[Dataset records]
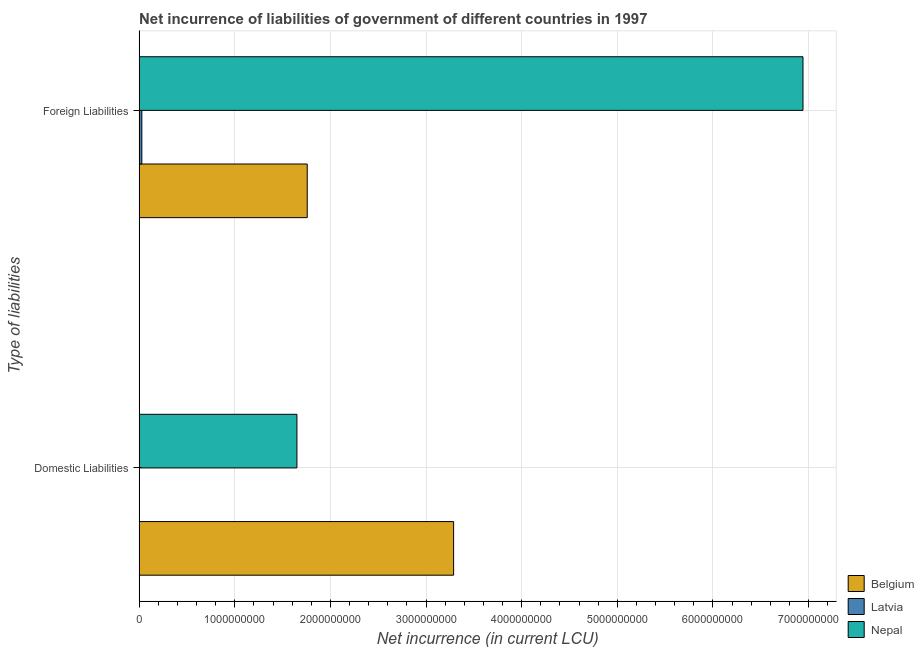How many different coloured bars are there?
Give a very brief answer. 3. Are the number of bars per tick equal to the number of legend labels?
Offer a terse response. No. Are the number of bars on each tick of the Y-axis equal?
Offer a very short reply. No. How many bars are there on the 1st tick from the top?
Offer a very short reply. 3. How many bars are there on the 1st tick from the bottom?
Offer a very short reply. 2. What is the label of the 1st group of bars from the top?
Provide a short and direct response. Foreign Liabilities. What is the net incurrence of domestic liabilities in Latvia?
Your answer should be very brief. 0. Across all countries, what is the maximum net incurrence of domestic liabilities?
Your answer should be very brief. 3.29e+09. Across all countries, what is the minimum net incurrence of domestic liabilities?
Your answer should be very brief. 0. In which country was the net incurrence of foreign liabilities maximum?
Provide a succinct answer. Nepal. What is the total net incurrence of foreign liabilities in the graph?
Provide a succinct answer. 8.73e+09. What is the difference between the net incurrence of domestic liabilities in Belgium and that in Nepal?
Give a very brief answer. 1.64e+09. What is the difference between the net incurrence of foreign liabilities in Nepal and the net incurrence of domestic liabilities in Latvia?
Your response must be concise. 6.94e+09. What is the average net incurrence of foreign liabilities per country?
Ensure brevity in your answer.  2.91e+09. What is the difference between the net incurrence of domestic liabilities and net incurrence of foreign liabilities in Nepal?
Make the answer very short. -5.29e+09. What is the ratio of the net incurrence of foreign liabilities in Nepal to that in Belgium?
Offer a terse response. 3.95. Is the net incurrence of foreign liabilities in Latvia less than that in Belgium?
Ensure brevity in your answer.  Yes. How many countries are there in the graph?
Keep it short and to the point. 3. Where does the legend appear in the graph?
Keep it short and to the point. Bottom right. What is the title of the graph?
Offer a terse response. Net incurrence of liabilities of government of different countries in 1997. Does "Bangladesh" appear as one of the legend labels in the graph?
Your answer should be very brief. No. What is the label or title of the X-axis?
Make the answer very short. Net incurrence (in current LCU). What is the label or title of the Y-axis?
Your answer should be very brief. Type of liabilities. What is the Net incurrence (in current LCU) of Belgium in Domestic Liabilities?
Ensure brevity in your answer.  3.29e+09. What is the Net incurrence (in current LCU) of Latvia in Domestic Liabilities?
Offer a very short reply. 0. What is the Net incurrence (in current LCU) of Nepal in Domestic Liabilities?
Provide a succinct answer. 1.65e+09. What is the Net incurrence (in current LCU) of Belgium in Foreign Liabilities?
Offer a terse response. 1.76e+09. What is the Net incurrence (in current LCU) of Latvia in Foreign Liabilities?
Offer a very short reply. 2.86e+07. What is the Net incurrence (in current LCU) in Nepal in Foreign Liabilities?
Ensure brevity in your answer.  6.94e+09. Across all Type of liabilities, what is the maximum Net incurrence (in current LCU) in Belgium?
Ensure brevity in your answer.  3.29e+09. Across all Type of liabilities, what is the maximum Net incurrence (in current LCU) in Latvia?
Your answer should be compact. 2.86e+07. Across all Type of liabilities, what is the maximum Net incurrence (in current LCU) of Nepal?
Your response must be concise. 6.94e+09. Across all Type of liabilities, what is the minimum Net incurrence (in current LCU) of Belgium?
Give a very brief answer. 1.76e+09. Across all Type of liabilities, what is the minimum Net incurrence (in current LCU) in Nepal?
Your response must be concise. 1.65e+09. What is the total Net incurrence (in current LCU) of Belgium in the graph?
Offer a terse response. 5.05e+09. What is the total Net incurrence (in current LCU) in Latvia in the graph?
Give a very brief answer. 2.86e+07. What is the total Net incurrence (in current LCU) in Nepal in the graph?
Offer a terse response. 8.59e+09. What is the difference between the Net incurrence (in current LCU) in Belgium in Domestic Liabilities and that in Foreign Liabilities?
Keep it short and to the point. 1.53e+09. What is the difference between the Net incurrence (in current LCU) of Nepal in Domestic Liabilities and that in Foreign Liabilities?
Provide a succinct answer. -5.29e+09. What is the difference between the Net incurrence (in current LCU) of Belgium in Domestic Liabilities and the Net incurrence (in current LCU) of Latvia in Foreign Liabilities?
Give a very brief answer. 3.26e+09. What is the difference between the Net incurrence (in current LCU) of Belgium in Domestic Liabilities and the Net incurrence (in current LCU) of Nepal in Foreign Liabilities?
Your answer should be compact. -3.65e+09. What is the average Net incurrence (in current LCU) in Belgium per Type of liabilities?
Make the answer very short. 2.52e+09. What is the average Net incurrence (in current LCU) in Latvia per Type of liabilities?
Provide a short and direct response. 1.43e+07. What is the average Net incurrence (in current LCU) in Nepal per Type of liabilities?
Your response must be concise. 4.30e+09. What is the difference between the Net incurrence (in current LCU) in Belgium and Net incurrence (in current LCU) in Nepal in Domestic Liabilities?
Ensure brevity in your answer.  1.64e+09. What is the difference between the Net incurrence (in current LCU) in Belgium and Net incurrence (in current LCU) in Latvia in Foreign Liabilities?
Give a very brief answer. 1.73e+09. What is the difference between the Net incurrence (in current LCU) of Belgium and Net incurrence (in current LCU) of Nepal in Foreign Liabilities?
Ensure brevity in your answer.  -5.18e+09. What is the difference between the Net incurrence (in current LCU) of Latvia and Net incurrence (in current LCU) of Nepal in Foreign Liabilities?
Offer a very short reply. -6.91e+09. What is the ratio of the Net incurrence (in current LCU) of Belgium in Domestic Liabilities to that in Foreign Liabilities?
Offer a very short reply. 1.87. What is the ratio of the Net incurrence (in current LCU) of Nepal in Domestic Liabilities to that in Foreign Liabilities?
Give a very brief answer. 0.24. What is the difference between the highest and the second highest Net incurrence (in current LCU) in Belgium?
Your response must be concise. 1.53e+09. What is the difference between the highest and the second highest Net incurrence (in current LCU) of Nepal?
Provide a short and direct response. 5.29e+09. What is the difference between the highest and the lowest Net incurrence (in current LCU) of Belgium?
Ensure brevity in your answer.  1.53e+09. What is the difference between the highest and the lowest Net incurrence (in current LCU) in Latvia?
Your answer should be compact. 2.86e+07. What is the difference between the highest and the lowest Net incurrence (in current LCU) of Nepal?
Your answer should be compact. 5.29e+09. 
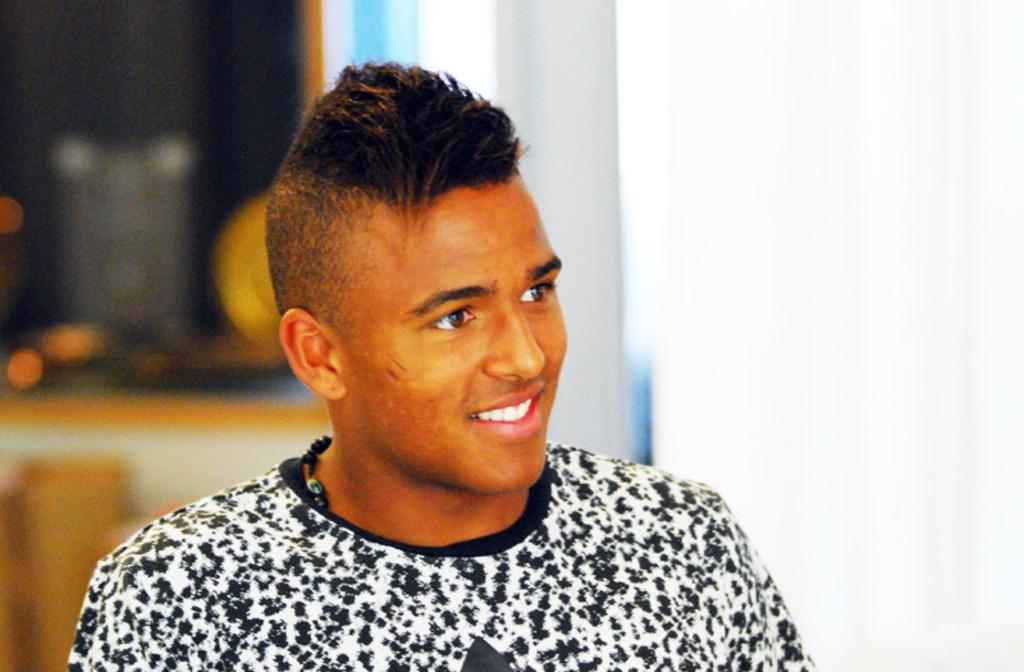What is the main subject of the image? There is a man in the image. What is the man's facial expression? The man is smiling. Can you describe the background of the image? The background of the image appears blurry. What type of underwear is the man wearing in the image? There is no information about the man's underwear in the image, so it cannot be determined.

EXERCISE BRIEF
Check the data for lines with "Keep" and give only their number.

EXERCISE ANSWER
3